---- Dataset records

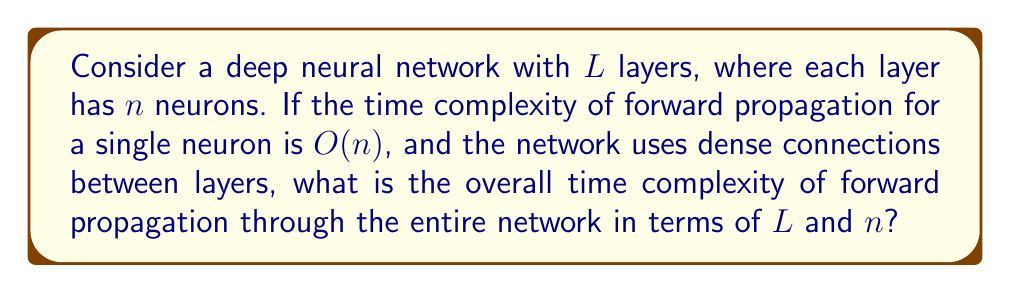Can you solve this math problem? To solve this problem, let's break it down step by step:

1. First, consider a single layer:
   - Each neuron in a layer receives input from all neurons in the previous layer.
   - There are $n$ neurons in each layer.
   - The time complexity for a single neuron is $O(n)$.
   - Therefore, the time complexity for one layer is $O(n) * n = O(n^2)$.

2. Now, consider the entire network:
   - There are $L$ layers in the network.
   - Each layer has a time complexity of $O(n^2)$.
   - We need to propagate through all $L$ layers.

3. To get the overall time complexity, we multiply the complexity of a single layer by the number of layers:
   $$O(n^2) * L = O(Ln^2)$$

4. This result, $O(Ln^2)$, represents the time complexity of forward propagation through the entire network.

5. In terms of hardware implementation, this complexity indicates that:
   - The computation time grows quadratically with the number of neurons per layer.
   - The computation time grows linearly with the number of layers.

This analysis is crucial for hardware design, as it helps in estimating the computational resources required for implementing deep learning algorithms in hardware, and can guide decisions on parallelization and memory management strategies.
Answer: $O(Ln^2)$ 
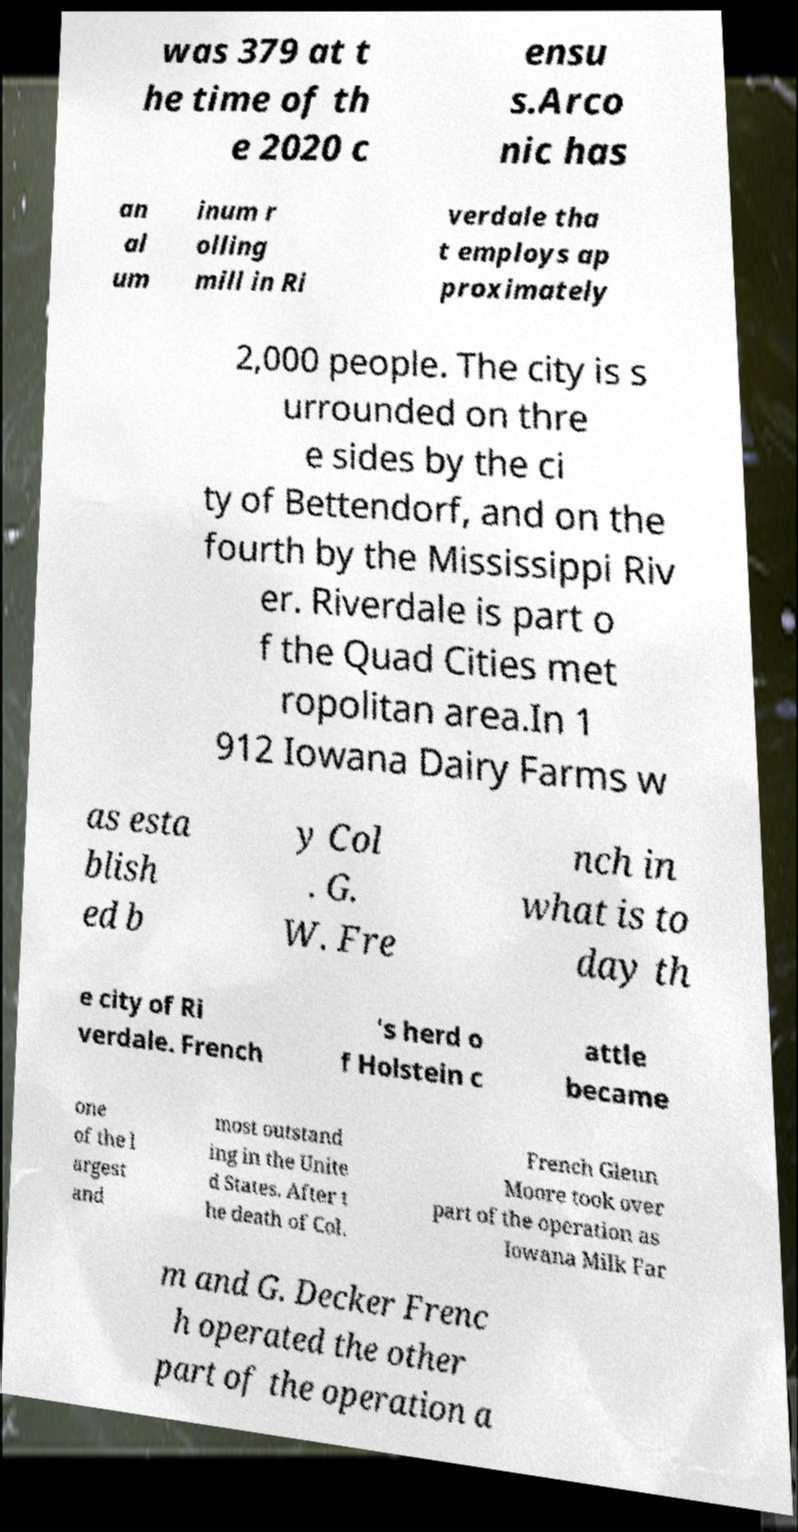Please read and relay the text visible in this image. What does it say? was 379 at t he time of th e 2020 c ensu s.Arco nic has an al um inum r olling mill in Ri verdale tha t employs ap proximately 2,000 people. The city is s urrounded on thre e sides by the ci ty of Bettendorf, and on the fourth by the Mississippi Riv er. Riverdale is part o f the Quad Cities met ropolitan area.In 1 912 Iowana Dairy Farms w as esta blish ed b y Col . G. W. Fre nch in what is to day th e city of Ri verdale. French 's herd o f Holstein c attle became one of the l argest and most outstand ing in the Unite d States. After t he death of Col. French Glenn Moore took over part of the operation as Iowana Milk Far m and G. Decker Frenc h operated the other part of the operation a

--------

• [Problem requirements]: Your task is to repeat the entries above exactly, omitting the pictures.

• [Output of the exercise]:
Can you solve this math problem? To solve this problem, let's break it down step by step:

1. First, consider a single layer:
   - Each neuron in a layer receives input from all neurons in the previous layer.
   - There are $n$ neurons in each layer.
   - The time complexity for a single neuron is $O(n)$.
   - Therefore, the time complexity for one layer is $O(n) * n = O(n^2)$.

2. Now, consider the entire network:
   - There are $L$ layers in the network.
   - Each layer has a time complexity of $O(n^2)$.
   - We need to propagate through all $L$ layers.

3. To get the overall time complexity, we multiply the complexity of a single layer by the number of layers:
   $$O(n^2) * L = O(Ln^2)$$

4. This result, $O(Ln^2)$, represents the time complexity of forward propagation through the entire network.

5. In terms of hardware implementation, this complexity indicates that:
   - The computation time grows quadratically with the number of neurons per layer.
   - The computation time grows linearly with the number of layers.

This analysis is crucial for hardware design, as it helps in estimating the computational resources required for implementing deep learning algorithms in hardware, and can guide decisions on parallelization and memory management strategies.
Answer: $O(Ln^2)$ 
Please read and relay the text visible in this image. What does it say? was 379 at t he time of th e 2020 c ensu s.Arco nic has an al um inum r olling mill in Ri verdale tha t employs ap proximately 2,000 people. The city is s urrounded on thre e sides by the ci ty of Bettendorf, and on the fourth by the Mississippi Riv er. Riverdale is part o f the Quad Cities met ropolitan area.In 1 912 Iowana Dairy Farms w as esta blish ed b y Col . G. W. Fre nch in what is to day th e city of Ri verdale. French 's herd o f Holstein c attle became one of the l argest and most outstand ing in the Unite d States. After t he death of Col. French Glenn Moore took over part of the operation as Iowana Milk Far m and G. Decker Frenc h operated the other part of the operation a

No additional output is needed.